= Inmos G364 framebuffer =

The G364 framebuffer was a line of graphics adapters using the SGS Thomson INMOS G364 colour video controller, produced by INMOS (known for their transputer and eventually acquired by SGS Thomson and incorporated into STMicroelectronics) in the early 1990s. The G364 included a RAMDAC and a 64-bit interface to VRAM graphical memory to implement a framebuffer, but did not include any hardware-based graphical acceleration other than a hardware cursor function.

The G364 was largely similar in design and functionality to the G300 framebuffer, but had a 64-bit VRAM interface instead of the slower 32-bit interface of the lower-price G300.

The INMOS G364 is quite similar to the G332 found on the Personal DECstation and Dell PowerLine 450DE/2 DGX Graphics Workstation.

Although the G364 was capable of providing comparatively high resolution output (up to 1600×1200 pixels at 8 bits-per-pixel, in many cases) typically achieved only in Unix workstations such as those of Sun Microsystems or SGI, it was not a popular chipset for the personal computer manufacturers of the early 1990s and was not adopted by any major workstation manufacturers.

The G364 framebuffer was used in an after-market Amiga graphics card, and as the primary graphics system sold with the MIPS Magnum 4000 series of MIPS-based Windows NT workstations.
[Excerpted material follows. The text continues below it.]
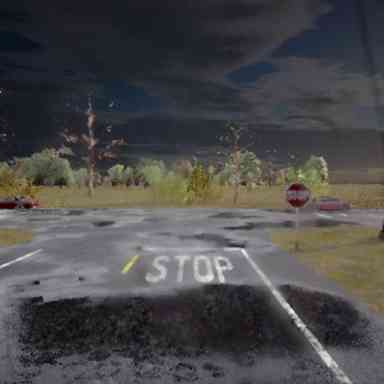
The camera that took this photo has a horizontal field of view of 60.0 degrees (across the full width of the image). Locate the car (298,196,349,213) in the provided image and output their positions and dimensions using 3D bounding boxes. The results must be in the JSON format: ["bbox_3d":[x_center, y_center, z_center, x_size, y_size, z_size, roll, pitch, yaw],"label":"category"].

Amiga cards based on the G364:

- EGS SPECTRUM 110/24
- Rainbow III
- Visiona Paint (G300)

The G332 found use in the State Machine G8 and Computer Concepts Colour Card for the Acorn Archimedes range of personal computers, these providing a secondary framebuffer to which the main display memory was copied periodically, also offering a broader 24-bit palette for all graphics modes including individually programmable colours for 256-colour modes. The capabilities of the G332 were reported as being "almost identical" to the ARM VIDC20 that was announced at the time these adapter cards became available.